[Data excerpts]

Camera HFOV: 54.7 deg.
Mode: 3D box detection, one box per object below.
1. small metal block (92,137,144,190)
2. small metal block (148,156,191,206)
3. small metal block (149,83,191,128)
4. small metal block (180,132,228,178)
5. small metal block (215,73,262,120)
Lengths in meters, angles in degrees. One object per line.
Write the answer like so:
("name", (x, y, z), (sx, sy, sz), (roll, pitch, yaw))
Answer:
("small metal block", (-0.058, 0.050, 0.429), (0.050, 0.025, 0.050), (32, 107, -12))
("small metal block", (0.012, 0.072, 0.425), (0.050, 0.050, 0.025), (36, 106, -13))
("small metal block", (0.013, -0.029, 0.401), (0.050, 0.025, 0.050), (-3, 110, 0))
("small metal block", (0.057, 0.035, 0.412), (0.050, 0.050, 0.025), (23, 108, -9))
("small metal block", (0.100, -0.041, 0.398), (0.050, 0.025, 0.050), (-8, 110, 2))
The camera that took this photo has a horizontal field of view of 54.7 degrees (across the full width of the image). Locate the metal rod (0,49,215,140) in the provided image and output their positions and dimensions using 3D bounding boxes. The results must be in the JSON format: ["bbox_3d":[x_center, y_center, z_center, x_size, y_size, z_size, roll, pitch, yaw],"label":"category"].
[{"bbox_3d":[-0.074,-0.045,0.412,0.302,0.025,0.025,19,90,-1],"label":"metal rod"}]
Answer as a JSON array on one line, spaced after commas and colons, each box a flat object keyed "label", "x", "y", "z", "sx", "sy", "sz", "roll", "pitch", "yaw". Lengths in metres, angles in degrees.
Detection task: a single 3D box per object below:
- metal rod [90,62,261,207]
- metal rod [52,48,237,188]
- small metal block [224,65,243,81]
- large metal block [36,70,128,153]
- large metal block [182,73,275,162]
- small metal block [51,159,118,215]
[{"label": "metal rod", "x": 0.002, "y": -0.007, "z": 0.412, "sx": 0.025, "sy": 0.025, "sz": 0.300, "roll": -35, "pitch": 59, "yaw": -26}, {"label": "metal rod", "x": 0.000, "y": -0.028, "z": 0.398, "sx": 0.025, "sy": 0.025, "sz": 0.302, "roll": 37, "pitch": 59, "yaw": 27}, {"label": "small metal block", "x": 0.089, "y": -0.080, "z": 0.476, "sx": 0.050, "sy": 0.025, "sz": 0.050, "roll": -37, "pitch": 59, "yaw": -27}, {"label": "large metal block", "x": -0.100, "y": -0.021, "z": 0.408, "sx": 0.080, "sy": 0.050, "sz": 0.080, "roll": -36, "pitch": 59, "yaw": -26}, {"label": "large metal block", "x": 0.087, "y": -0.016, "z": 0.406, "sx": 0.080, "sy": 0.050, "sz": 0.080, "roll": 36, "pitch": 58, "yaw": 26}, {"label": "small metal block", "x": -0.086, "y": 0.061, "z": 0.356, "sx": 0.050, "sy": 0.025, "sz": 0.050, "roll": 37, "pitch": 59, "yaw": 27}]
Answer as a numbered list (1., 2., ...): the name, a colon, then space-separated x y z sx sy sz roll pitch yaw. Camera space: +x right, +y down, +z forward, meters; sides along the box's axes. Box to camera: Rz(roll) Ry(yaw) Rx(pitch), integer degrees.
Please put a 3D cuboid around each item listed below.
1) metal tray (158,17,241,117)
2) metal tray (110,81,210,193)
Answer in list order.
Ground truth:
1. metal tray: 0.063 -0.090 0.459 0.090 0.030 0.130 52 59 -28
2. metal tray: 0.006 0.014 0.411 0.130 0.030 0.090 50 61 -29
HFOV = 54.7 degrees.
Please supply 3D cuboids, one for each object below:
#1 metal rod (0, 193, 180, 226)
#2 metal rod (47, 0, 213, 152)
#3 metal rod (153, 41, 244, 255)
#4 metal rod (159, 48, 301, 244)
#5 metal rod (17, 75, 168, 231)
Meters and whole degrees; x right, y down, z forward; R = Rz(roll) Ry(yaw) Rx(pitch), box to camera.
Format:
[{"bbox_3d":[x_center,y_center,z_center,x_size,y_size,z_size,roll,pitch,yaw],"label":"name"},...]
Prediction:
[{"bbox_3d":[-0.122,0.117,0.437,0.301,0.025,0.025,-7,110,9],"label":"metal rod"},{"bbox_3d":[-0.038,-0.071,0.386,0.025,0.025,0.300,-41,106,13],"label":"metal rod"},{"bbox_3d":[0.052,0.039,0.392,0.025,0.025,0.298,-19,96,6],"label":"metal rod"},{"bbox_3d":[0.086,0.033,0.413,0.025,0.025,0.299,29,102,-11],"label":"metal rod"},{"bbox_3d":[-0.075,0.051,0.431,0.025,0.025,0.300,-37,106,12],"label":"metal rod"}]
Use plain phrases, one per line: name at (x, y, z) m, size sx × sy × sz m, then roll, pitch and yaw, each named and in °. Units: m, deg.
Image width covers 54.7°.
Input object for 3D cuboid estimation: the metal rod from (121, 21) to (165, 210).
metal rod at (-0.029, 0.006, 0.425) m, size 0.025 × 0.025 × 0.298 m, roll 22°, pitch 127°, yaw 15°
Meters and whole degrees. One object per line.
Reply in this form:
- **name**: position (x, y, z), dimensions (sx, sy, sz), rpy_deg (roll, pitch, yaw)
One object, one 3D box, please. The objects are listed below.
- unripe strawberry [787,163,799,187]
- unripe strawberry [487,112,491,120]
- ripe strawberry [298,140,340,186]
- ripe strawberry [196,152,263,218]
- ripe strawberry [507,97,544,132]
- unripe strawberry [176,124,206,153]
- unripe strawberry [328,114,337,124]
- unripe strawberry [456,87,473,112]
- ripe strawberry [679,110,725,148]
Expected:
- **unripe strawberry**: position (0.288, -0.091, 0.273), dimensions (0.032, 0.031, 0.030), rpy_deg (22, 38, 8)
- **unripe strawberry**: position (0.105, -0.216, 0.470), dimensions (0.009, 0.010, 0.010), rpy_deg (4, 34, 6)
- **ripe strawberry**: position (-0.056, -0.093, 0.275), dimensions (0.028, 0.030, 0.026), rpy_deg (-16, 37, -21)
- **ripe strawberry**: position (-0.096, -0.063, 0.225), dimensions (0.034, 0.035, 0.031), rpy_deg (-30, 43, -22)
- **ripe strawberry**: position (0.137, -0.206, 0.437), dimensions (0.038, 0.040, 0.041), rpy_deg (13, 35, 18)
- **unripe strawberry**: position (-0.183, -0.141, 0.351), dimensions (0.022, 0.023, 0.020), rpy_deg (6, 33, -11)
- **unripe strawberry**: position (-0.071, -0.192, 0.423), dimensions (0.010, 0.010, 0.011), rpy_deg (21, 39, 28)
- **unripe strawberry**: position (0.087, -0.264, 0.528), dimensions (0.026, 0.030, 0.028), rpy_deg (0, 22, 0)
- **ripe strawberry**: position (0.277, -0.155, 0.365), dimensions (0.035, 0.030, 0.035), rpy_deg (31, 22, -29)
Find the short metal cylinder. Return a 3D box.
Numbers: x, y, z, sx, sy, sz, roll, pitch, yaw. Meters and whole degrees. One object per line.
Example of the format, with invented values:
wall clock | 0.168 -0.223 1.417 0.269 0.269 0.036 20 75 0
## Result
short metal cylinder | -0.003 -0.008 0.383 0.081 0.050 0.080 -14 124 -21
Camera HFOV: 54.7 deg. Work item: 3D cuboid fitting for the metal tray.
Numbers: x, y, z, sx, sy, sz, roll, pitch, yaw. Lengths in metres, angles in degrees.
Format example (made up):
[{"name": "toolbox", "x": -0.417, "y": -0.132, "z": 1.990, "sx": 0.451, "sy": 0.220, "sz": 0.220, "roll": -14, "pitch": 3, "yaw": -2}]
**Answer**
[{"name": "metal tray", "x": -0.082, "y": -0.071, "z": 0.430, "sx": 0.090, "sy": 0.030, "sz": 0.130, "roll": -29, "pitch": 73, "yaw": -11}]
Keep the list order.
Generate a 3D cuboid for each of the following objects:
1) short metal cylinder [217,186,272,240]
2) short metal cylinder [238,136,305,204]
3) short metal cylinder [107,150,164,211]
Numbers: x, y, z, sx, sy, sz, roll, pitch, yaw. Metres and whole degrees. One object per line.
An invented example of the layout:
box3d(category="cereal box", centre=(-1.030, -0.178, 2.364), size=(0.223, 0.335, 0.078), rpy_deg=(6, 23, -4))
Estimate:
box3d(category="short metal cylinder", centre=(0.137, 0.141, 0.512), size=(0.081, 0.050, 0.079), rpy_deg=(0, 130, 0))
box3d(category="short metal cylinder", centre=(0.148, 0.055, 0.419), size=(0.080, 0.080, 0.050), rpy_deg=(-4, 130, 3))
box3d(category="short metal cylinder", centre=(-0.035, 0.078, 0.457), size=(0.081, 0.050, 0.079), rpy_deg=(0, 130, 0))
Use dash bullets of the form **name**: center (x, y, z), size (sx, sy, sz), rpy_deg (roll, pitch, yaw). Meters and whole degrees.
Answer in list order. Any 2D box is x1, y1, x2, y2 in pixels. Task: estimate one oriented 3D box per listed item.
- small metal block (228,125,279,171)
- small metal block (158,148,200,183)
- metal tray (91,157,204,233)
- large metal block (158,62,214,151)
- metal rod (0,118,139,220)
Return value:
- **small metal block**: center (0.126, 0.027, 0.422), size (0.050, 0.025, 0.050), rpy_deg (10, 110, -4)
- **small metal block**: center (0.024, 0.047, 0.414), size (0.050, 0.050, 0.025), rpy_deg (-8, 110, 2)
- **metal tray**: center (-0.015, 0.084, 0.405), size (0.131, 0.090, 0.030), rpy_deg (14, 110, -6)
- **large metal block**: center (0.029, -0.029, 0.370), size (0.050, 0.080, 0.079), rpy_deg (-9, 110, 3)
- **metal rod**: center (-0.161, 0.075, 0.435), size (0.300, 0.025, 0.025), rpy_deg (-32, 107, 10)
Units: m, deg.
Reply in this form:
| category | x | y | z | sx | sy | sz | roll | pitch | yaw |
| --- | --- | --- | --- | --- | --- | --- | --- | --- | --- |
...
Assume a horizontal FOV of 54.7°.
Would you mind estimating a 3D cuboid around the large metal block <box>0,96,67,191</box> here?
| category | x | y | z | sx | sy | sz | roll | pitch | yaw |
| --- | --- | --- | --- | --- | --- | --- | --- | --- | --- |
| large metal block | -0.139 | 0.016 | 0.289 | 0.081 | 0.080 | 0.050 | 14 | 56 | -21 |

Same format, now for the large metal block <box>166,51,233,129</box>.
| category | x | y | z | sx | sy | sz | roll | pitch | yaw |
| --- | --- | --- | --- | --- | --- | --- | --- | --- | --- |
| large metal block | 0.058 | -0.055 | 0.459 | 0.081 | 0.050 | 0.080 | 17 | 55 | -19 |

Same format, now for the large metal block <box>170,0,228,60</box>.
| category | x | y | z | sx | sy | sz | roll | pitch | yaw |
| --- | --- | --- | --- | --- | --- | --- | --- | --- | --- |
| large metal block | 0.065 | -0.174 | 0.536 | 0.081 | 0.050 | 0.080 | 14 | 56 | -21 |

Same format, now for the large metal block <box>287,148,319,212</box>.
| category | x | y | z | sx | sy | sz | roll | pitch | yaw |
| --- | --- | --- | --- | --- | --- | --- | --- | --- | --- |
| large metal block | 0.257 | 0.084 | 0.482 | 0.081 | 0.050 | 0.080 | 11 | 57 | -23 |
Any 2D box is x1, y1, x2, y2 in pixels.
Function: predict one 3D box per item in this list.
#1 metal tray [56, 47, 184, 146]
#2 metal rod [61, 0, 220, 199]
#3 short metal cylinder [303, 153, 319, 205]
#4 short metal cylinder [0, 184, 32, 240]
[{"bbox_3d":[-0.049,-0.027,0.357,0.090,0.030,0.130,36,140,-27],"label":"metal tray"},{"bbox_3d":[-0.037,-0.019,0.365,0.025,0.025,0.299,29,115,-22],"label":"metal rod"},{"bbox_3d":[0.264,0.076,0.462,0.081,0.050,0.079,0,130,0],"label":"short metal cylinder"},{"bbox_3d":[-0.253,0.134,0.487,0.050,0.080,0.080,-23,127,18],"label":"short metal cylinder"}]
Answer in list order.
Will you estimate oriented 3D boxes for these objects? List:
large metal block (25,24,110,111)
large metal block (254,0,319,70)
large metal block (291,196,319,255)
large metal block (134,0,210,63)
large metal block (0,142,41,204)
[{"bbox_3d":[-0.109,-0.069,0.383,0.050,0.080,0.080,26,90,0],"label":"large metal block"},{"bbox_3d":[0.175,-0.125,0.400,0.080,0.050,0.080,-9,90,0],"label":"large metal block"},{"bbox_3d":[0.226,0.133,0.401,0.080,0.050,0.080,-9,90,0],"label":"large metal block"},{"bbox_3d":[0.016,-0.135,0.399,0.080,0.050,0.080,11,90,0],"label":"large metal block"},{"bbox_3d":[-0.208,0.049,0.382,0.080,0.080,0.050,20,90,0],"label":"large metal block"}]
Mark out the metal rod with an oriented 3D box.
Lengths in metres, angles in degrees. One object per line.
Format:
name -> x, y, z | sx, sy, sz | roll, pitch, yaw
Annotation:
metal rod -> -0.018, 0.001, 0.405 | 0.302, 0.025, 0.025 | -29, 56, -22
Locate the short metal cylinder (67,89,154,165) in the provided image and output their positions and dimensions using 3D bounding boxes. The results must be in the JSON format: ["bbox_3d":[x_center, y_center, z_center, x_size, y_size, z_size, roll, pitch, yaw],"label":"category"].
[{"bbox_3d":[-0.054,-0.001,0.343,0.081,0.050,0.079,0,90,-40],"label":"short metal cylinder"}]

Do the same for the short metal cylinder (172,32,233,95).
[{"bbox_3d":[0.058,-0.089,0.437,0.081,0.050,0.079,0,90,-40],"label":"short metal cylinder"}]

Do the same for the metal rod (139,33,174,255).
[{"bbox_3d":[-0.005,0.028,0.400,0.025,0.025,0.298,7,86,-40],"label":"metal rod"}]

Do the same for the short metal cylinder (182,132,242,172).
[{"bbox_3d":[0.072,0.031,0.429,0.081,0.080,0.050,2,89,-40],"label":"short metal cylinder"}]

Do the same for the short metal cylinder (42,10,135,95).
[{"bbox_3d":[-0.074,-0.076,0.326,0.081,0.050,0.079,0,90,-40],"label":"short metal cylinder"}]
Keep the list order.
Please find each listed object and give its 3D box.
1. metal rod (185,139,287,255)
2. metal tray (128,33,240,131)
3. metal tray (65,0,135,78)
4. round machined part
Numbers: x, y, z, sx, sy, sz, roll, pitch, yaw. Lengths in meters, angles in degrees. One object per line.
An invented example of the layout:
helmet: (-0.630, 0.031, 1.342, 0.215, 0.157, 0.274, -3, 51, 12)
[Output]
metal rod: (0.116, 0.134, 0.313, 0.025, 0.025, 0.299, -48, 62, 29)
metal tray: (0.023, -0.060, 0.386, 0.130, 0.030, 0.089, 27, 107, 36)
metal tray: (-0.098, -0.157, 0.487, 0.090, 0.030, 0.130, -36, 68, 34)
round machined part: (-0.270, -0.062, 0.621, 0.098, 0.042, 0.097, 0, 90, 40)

- _What is needed_
Find each line above that contains "forward", and copy those lines.

- _Response_
Answer as a numbered list (1., 2., ...): the name, a colon, then space-separated x y z sx sy sz roll pitch yaw. Camera space: +x right, +y down, +z forward, meters; sides along the box's axes. Box to camera: Rz(roll) Ry(yaw) Rx(pitch), integer degrees.
Meters and whole degrees; x right, y down, z forward; R = Rz(roll) Ry(yaw) Rx(pitch), box to camera.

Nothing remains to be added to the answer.